Prior to November 1, 2009, the Company, at the inception of a derivative contract, designated the derivative as a cash flow hedge. For all derivatives designated as cash flow hedges, the Company formally documented the relationship between the derivative contract and the hedged items, as well as the risk management objective for entering into the derivative contract. To be designated as a cash flow hedge transaction, the relationship between the derivative and the hedged items must be highly effective in achieving the offset of changes in cash flows attributable to the risk both at the inception of the derivative and on an ongoing basis. The Company historically measured hedge effectiveness on a quarterly basis and hedge accounting would be discontinued prospectively if it determined that the derivative was no longer effective in offsetting changes in the cash flows of the hedged item. Gains and losses deferred in accumulated other comprehensive income (loss) related to cash flow hedge derivatives that become ineffective remain unchanged until the related production was delivered. If the Company determined that it was probable that a hedged forecasted transaction would not occur, deferred gains or losses on the derivative were recognized in earnings immediately.
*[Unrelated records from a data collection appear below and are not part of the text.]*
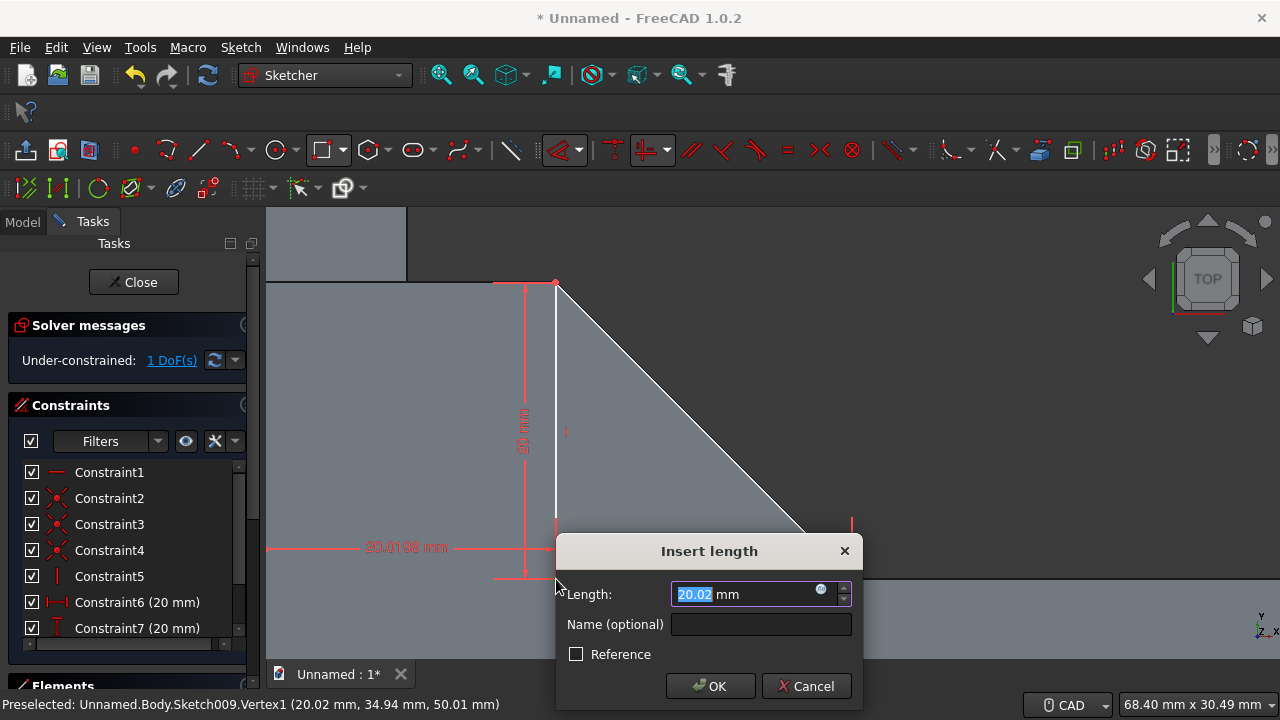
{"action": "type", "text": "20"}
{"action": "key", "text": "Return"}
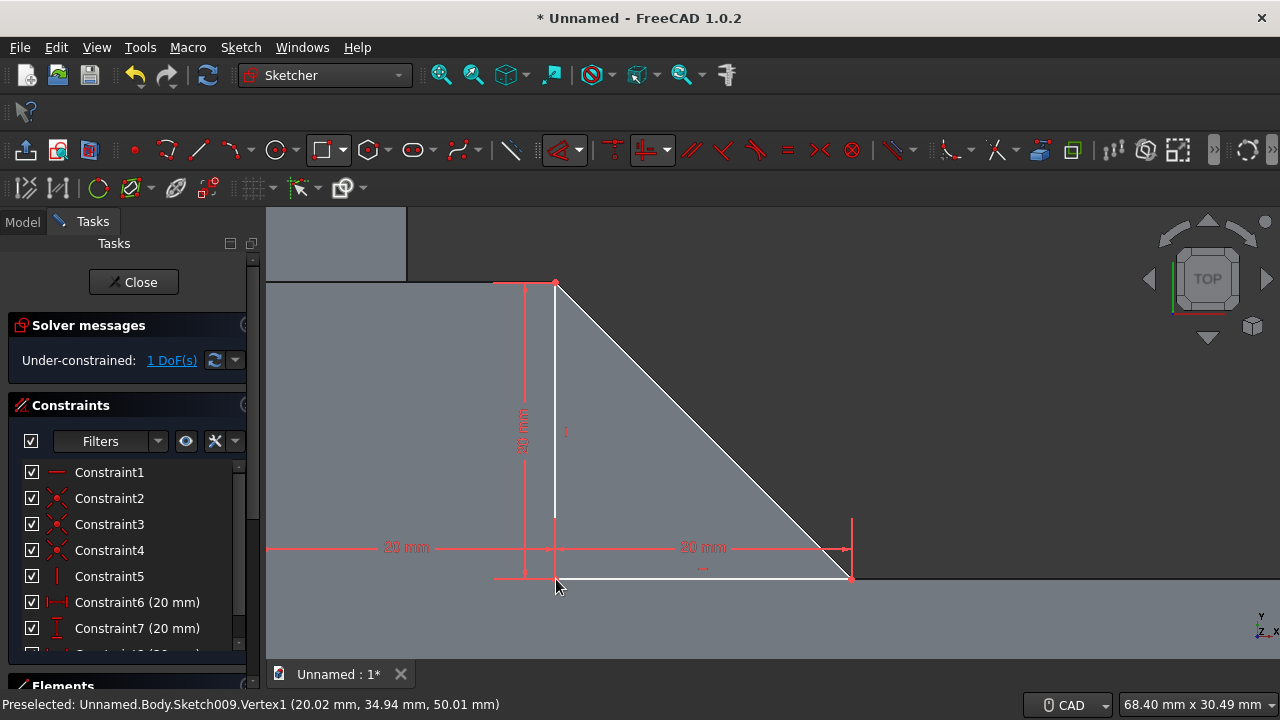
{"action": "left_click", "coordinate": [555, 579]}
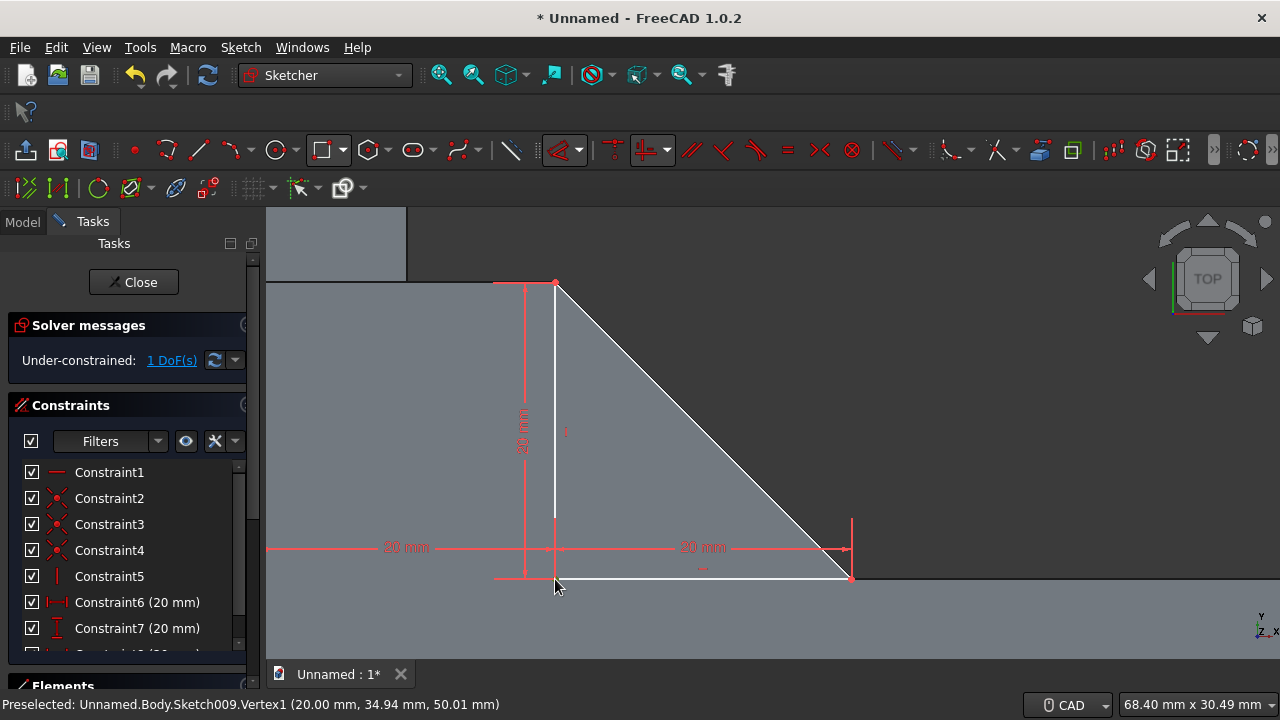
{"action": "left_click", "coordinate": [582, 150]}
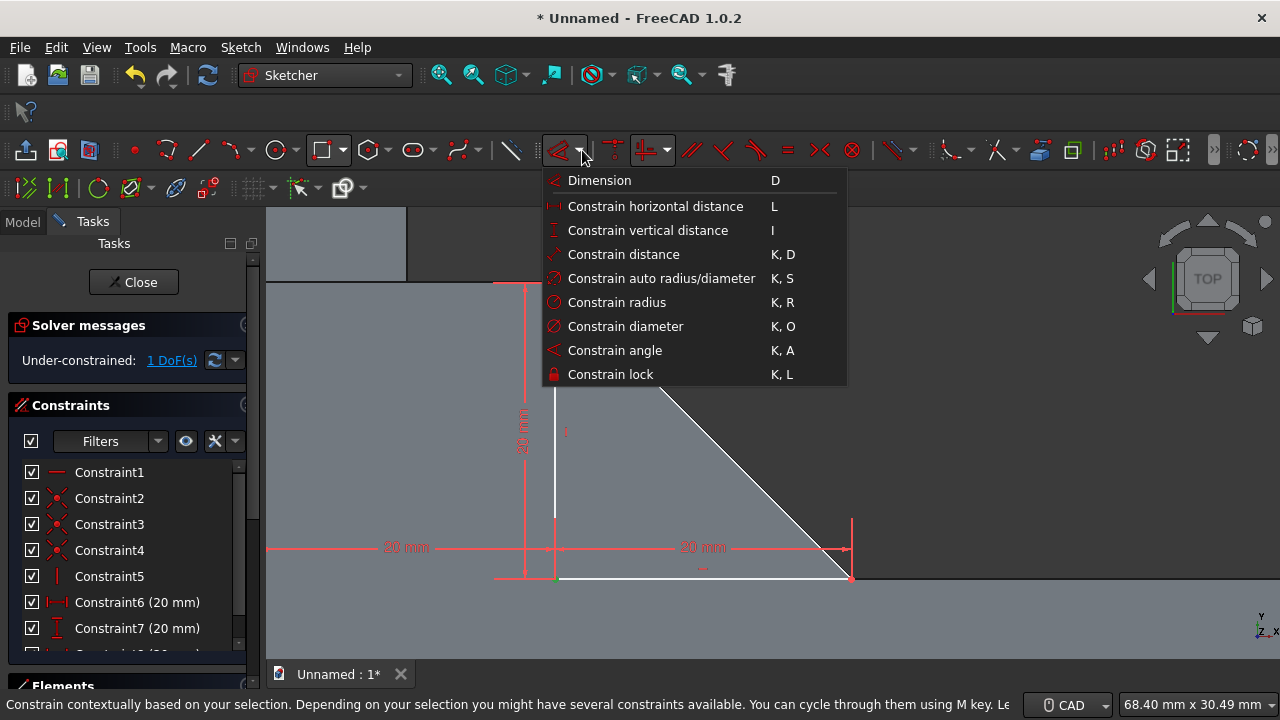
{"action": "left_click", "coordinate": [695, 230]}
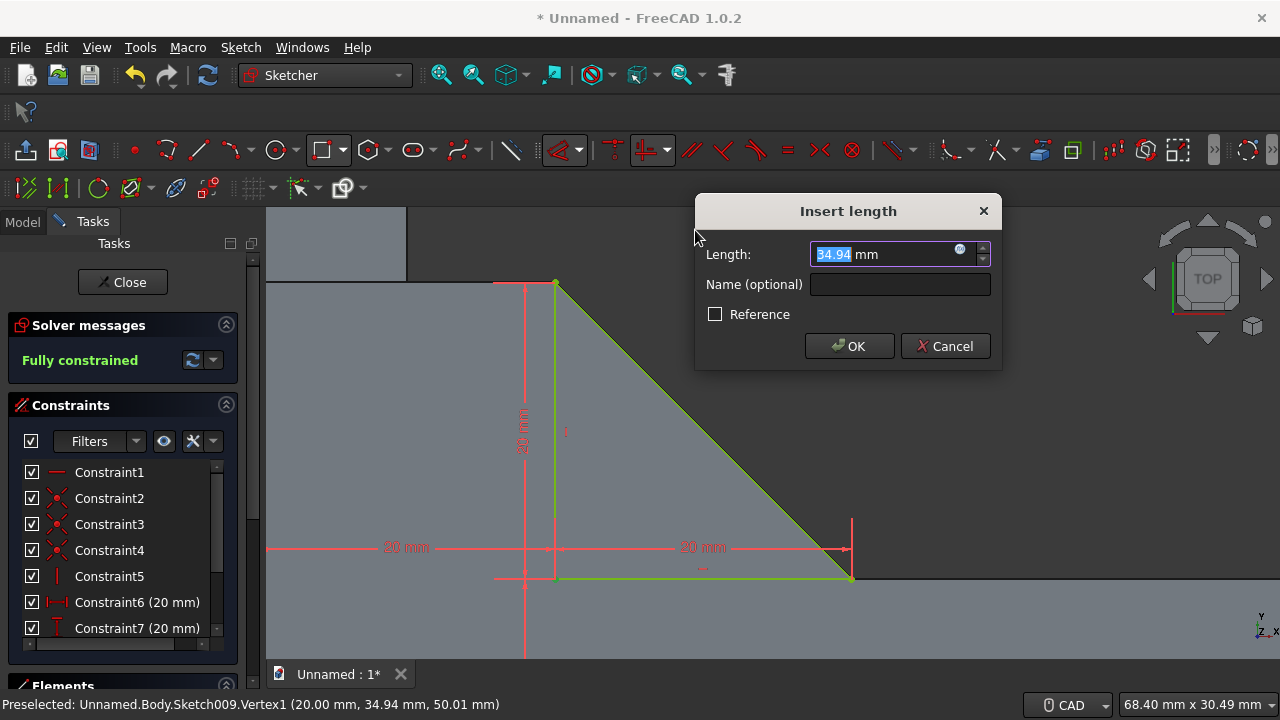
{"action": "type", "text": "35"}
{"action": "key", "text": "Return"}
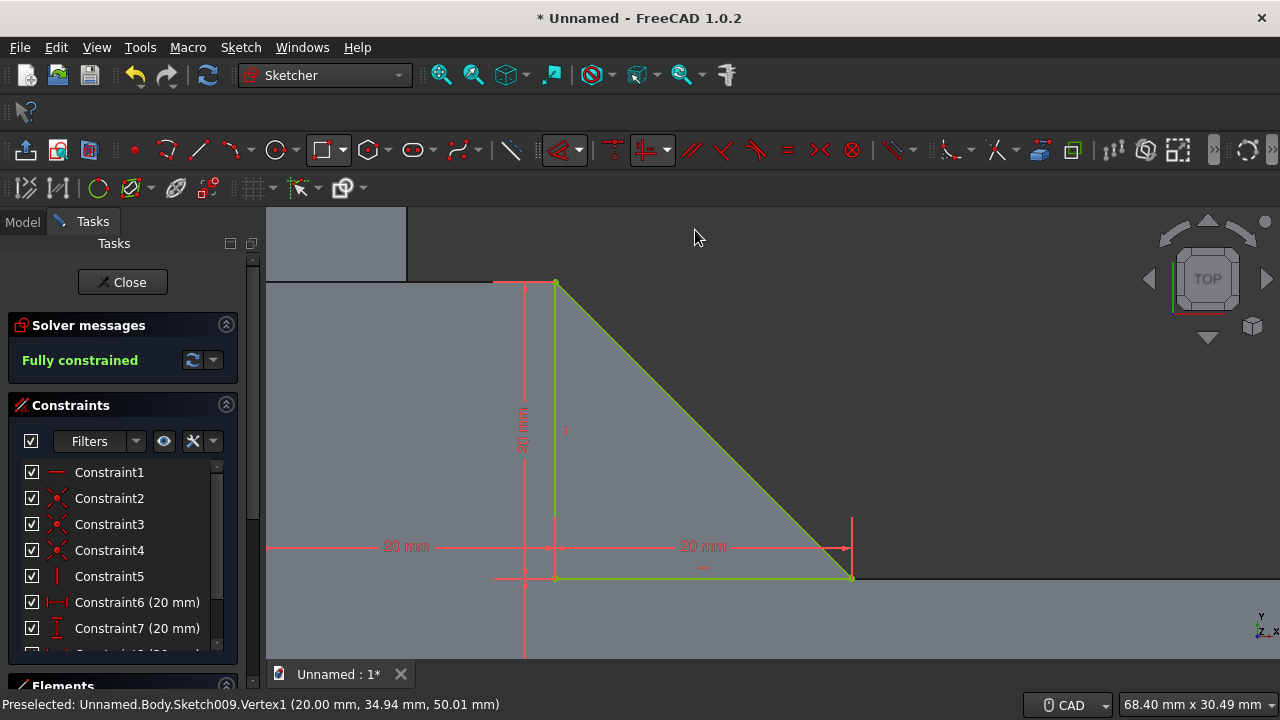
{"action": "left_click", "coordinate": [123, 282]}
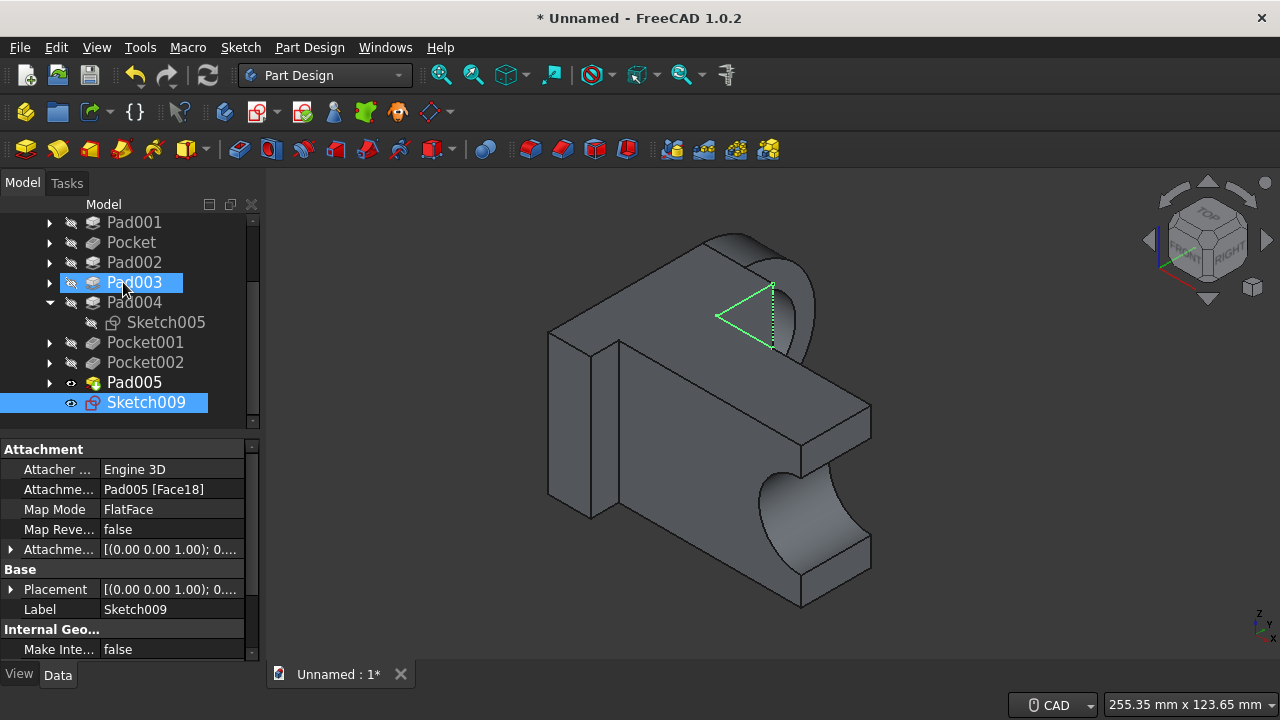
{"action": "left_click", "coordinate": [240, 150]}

Derivatives, historically, were recorded on the balance sheet at fair value and changes in the fair value of derivatives were recorded each period in current earnings or other comprehensive income (loss), depending on whether a derivative was designated as part of a hedge transaction and, if it was, depending on the type of hedge transaction. The Company's derivatives historically consisted primarily of cash flow hedge transactions in which the Company was hedging the variability of cash flows related to a forecasted transaction. Period to period changes in the fair value of derivative instruments designated as cash flow hedges were reported in accumulated other comprehensive income (loss) and reclassified to earnings in the periods in which the hedged item impacts earnings. The ineffective portion of the cash flow hedges were reflected in current period earnings as gain or loss from derivatives. Gains and losses on derivative instruments that did not qualify for hedge accounting were included in income or loss from derivatives in the period in which they occur. The resulting cash flows from derivatives were reported as cash flows from operating activities.

Impairment
Long-lived assets to be held and used are required to be reviewed for impairment whenever events or changes in circumstances indicate that the carrying amount of an asset may not be recoverable. Crude oil and natural gas properties accounted for using the full cost method of accounting (which the Company uses) are excluded from this requirement but continue to be subject to the full cost method's impairment rules. There was no impairment recorded for the three months and nine months ended September 30, 2013 and 2012.
New Accounting Pronouncements

From time to time, new accounting pronouncements are issued by FASB that are adopted by the Company as of the specified effective date. If not discussed, management believes that the impact of recently issued standards, which are not yet effective, will not have a material impact on the Company's financial statements upon adoption.

Recently Adopted

Balance Sheet Offsetting — In December 2011, the FASB issued Balance Sheet (Topic 210) — Disclosures about Offsetting Assets and Liabilities (ASU No. 2011-11), which requires disclosures regarding netting arrangements in agreements underlying derivatives, certain financial instruments and related collateral amounts, and the extent to which an entity's financial statement presentation policies related to netting arrangements impact amounts recorded to the financial statements. In January 2013, the FASB issued Balance Sheet (Topic 210) — Clarifying the Scope of Disclosures about Offsetting Assets and Liabilities (ASU No. 2013-01) to clarify the specific instruments that should be considered in these disclosures. These disclosure requirements do not affect the presentation of amounts in the balance sheets, and were effective for annual reporting periods beginning on or after January 1, 2013, and interim periods within those annual reporting periods.